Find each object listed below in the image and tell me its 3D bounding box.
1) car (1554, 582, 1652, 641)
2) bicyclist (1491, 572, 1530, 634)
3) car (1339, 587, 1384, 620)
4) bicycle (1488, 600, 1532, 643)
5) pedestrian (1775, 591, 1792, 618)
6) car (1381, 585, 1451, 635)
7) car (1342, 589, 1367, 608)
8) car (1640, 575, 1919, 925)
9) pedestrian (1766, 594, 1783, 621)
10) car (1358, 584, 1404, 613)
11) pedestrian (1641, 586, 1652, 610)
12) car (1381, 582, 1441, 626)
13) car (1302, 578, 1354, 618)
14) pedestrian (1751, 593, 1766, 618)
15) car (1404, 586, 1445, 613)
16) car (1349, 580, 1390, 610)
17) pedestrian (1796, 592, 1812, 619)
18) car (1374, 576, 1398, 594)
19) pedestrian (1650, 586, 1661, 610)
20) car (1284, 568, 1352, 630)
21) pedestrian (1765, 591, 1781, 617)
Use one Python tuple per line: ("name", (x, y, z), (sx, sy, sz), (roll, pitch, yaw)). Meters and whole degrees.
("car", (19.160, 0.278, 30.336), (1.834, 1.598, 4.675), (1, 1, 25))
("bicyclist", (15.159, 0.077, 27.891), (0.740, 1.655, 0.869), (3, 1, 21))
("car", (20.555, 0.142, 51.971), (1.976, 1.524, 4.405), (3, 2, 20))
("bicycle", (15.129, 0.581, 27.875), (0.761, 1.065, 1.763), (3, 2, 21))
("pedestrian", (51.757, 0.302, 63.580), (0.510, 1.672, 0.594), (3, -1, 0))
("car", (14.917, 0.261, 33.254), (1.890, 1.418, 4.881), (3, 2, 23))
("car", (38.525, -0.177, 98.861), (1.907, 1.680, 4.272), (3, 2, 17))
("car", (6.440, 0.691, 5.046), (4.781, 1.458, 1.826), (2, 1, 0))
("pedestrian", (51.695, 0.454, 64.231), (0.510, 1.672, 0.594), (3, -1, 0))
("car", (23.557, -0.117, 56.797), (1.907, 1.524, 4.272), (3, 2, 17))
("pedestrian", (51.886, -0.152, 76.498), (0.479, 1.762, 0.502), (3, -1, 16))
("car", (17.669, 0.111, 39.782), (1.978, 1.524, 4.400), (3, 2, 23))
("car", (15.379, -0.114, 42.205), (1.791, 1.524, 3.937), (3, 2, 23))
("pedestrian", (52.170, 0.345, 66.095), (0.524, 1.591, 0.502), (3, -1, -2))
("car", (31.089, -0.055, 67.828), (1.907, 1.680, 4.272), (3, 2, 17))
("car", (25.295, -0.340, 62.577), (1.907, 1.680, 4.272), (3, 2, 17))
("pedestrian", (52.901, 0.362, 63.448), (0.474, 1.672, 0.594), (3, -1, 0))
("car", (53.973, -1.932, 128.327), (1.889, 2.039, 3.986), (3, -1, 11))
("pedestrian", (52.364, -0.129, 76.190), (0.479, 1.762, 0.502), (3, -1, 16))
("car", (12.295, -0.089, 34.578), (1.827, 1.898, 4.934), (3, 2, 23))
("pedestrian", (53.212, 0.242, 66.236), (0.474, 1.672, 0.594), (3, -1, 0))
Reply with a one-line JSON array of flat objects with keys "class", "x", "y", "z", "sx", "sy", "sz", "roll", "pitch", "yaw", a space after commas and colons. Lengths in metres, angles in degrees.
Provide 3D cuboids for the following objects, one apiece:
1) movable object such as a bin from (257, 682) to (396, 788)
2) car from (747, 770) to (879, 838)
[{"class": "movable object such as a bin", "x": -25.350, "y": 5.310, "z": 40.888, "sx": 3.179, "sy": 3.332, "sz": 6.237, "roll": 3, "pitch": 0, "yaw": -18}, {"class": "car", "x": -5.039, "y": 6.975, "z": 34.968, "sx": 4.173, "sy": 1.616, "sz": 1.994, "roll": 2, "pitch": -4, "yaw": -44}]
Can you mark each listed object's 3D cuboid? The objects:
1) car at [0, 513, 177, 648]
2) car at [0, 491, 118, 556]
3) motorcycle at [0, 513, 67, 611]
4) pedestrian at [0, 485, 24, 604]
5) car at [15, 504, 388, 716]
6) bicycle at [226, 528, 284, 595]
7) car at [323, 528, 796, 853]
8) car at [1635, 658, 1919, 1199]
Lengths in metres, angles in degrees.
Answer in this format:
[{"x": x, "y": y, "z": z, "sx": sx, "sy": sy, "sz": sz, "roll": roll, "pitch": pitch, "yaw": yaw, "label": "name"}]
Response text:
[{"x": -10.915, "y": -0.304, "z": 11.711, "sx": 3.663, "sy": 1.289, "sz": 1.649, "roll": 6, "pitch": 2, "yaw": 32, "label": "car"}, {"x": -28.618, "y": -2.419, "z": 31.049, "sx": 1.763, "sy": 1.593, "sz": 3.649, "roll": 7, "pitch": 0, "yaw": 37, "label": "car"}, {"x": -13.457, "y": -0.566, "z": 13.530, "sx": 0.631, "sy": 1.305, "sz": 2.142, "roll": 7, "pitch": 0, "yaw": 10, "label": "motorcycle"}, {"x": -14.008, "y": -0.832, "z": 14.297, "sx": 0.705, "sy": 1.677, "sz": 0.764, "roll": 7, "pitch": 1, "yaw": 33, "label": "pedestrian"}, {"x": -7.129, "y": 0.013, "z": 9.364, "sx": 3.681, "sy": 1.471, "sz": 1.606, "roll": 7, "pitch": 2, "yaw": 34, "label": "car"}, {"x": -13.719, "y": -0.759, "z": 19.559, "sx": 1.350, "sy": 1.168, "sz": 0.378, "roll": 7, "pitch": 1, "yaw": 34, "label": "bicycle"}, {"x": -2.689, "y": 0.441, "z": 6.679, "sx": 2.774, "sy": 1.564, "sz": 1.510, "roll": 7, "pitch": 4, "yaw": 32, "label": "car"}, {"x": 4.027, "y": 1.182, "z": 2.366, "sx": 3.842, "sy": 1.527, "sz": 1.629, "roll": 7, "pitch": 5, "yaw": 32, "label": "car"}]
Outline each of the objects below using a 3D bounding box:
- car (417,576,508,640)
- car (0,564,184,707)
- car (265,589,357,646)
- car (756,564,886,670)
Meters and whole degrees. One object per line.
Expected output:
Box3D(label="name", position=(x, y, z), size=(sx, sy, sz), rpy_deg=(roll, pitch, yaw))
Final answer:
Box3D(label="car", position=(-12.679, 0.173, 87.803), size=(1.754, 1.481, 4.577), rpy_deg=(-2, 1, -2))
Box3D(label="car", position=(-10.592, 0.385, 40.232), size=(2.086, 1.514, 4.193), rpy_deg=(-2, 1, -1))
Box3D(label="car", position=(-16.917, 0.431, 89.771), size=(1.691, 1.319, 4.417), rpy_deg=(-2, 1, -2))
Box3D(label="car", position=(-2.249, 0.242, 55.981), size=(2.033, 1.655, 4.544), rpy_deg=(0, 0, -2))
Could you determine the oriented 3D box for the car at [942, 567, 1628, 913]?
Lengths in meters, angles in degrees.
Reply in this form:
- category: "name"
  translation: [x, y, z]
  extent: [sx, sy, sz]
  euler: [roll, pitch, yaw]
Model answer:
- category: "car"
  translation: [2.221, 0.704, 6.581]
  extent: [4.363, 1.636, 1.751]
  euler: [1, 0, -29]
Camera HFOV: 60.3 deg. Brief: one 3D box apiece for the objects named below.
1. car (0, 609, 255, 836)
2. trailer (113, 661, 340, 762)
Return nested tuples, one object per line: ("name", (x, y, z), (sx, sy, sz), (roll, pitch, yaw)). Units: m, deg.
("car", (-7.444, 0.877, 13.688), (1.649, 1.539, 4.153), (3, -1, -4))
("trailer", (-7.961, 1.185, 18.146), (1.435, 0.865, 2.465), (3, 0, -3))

********

• _WORK TO BE COMPLETED_
So that nothing is lost, please repeat all of the entries exactly.

• _SOLUTION FOR THIS EXERCISE_
Find each object listed below in the image and tell me its 3D bounding box.
1) car (1554, 582, 1652, 641)
2) bicyclist (1491, 572, 1530, 634)
3) car (1339, 587, 1384, 620)
4) bicycle (1488, 600, 1532, 643)
5) pedestrian (1775, 591, 1792, 618)
6) car (1381, 585, 1451, 635)
7) car (1342, 589, 1367, 608)
8) car (1640, 575, 1919, 925)
9) pedestrian (1766, 594, 1783, 621)
10) car (1358, 584, 1404, 613)
11) pedestrian (1641, 586, 1652, 610)
12) car (1381, 582, 1441, 626)
13) car (1302, 578, 1354, 618)
14) pedestrian (1751, 593, 1766, 618)
15) car (1404, 586, 1445, 613)
16) car (1349, 580, 1390, 610)
17) pedestrian (1796, 592, 1812, 619)
18) car (1374, 576, 1398, 594)
19) pedestrian (1650, 586, 1661, 610)
20) car (1284, 568, 1352, 630)
21) pedestrian (1765, 591, 1781, 617)
Use one Python tuple per line: ("name", (x, y, z), (sx, sy, sz), (roll, pitch, yaw)). Meters and whole degrees.
("car", (19.160, 0.278, 30.336), (1.834, 1.598, 4.675), (1, 1, 25))
("bicyclist", (15.159, 0.077, 27.891), (0.740, 1.655, 0.869), (3, 1, 21))
("car", (20.555, 0.142, 51.971), (1.976, 1.524, 4.405), (3, 2, 20))
("bicycle", (15.129, 0.581, 27.875), (0.761, 1.065, 1.763), (3, 2, 21))
("pedestrian", (51.757, 0.302, 63.580), (0.510, 1.672, 0.594), (3, -1, 0))
("car", (14.917, 0.261, 33.254), (1.890, 1.418, 4.881), (3, 2, 23))
("car", (38.525, -0.177, 98.861), (1.907, 1.680, 4.272), (3, 2, 17))
("car", (6.440, 0.691, 5.046), (4.781, 1.458, 1.826), (2, 1, 0))
("pedestrian", (51.695, 0.454, 64.231), (0.510, 1.672, 0.594), (3, -1, 0))
("car", (23.557, -0.117, 56.797), (1.907, 1.524, 4.272), (3, 2, 17))
("pedestrian", (51.886, -0.152, 76.498), (0.479, 1.762, 0.502), (3, -1, 16))
("car", (17.669, 0.111, 39.782), (1.978, 1.524, 4.400), (3, 2, 23))
("car", (15.379, -0.114, 42.205), (1.791, 1.524, 3.937), (3, 2, 23))
("pedestrian", (52.170, 0.345, 66.095), (0.524, 1.591, 0.502), (3, -1, -2))
("car", (31.089, -0.055, 67.828), (1.907, 1.680, 4.272), (3, 2, 17))
("car", (25.295, -0.340, 62.577), (1.907, 1.680, 4.272), (3, 2, 17))
("pedestrian", (52.901, 0.362, 63.448), (0.474, 1.672, 0.594), (3, -1, 0))
("car", (53.973, -1.932, 128.327), (1.889, 2.039, 3.986), (3, -1, 11))
("pedestrian", (52.364, -0.129, 76.190), (0.479, 1.762, 0.502), (3, -1, 16))
("car", (12.295, -0.089, 34.578), (1.827, 1.898, 4.934), (3, 2, 23))
("pedestrian", (53.212, 0.242, 66.236), (0.474, 1.672, 0.594), (3, -1, 0))
Reply with a one-line JSON array of flat objects with keys "class", "x", "y", "z", "sx", "sy", "sz", "roll", "pitch", "yaw", a space after commas and colons. Lengths in metres, angles in degrees.
Provide 3D cuboids for the following objects, one apiece:
1) movable object such as a bin from (257, 682) to (396, 788)
2) car from (747, 770) to (879, 838)
[{"class": "movable object such as a bin", "x": -25.350, "y": 5.310, "z": 40.888, "sx": 3.179, "sy": 3.332, "sz": 6.237, "roll": 3, "pitch": 0, "yaw": -18}, {"class": "car", "x": -5.039, "y": 6.975, "z": 34.968, "sx": 4.173, "sy": 1.616, "sz": 1.994, "roll": 2, "pitch": -4, "yaw": -44}]
Can you mark each listed object's 3D cuboid? The objects:
1) car at [0, 513, 177, 648]
2) car at [0, 491, 118, 556]
3) motorcycle at [0, 513, 67, 611]
4) pedestrian at [0, 485, 24, 604]
5) car at [15, 504, 388, 716]
6) bicycle at [226, 528, 284, 595]
7) car at [323, 528, 796, 853]
8) car at [1635, 658, 1919, 1199]
Lengths in metres, angles in degrees.
Answer in this format:
[{"x": x, "y": y, "z": z, "sx": sx, "sy": sy, "sz": sz, "roll": roll, "pitch": pitch, "yaw": yaw, "label": "name"}]
Response text:
[{"x": -10.915, "y": -0.304, "z": 11.711, "sx": 3.663, "sy": 1.289, "sz": 1.649, "roll": 6, "pitch": 2, "yaw": 32, "label": "car"}, {"x": -28.618, "y": -2.419, "z": 31.049, "sx": 1.763, "sy": 1.593, "sz": 3.649, "roll": 7, "pitch": 0, "yaw": 37, "label": "car"}, {"x": -13.457, "y": -0.566, "z": 13.530, "sx": 0.631, "sy": 1.305, "sz": 2.142, "roll": 7, "pitch": 0, "yaw": 10, "label": "motorcycle"}, {"x": -14.008, "y": -0.832, "z": 14.297, "sx": 0.705, "sy": 1.677, "sz": 0.764, "roll": 7, "pitch": 1, "yaw": 33, "label": "pedestrian"}, {"x": -7.129, "y": 0.013, "z": 9.364, "sx": 3.681, "sy": 1.471, "sz": 1.606, "roll": 7, "pitch": 2, "yaw": 34, "label": "car"}, {"x": -13.719, "y": -0.759, "z": 19.559, "sx": 1.350, "sy": 1.168, "sz": 0.378, "roll": 7, "pitch": 1, "yaw": 34, "label": "bicycle"}, {"x": -2.689, "y": 0.441, "z": 6.679, "sx": 2.774, "sy": 1.564, "sz": 1.510, "roll": 7, "pitch": 4, "yaw": 32, "label": "car"}, {"x": 4.027, "y": 1.182, "z": 2.366, "sx": 3.842, "sy": 1.527, "sz": 1.629, "roll": 7, "pitch": 5, "yaw": 32, "label": "car"}]
Outline each of the objects below using a 3D bounding box:
- car (417,576,508,640)
- car (0,564,184,707)
- car (265,589,357,646)
- car (756,564,886,670)
Meters and whole degrees. One object per line.
Expected output:
Box3D(label="name", position=(x, y, z), size=(sx, sy, sz), rpy_deg=(roll, pitch, yaw))
Final answer:
Box3D(label="car", position=(-12.679, 0.173, 87.803), size=(1.754, 1.481, 4.577), rpy_deg=(-2, 1, -2))
Box3D(label="car", position=(-10.592, 0.385, 40.232), size=(2.086, 1.514, 4.193), rpy_deg=(-2, 1, -1))
Box3D(label="car", position=(-16.917, 0.431, 89.771), size=(1.691, 1.319, 4.417), rpy_deg=(-2, 1, -2))
Box3D(label="car", position=(-2.249, 0.242, 55.981), size=(2.033, 1.655, 4.544), rpy_deg=(0, 0, -2))
Could you determine the oriented 3D box for the car at [942, 567, 1628, 913]?
Lengths in meters, angles in degrees.
Reply in this form:
- category: "name"
  translation: [x, y, z]
  extent: [sx, sy, sz]
  euler: [roll, pitch, yaw]
Model answer:
- category: "car"
  translation: [2.221, 0.704, 6.581]
  extent: [4.363, 1.636, 1.751]
  euler: [1, 0, -29]
Camera HFOV: 60.3 deg. Brief: one 3D box apiece for the objects named below.
1. car (0, 609, 255, 836)
2. trailer (113, 661, 340, 762)
Return nested tuples, one object per line: ("name", (x, y, z), (sx, sy, sz), (roll, pitch, yaw)). Units: m, deg.
("car", (-7.444, 0.877, 13.688), (1.649, 1.539, 4.153), (3, -1, -4))
("trailer", (-7.961, 1.185, 18.146), (1.435, 0.865, 2.465), (3, 0, -3))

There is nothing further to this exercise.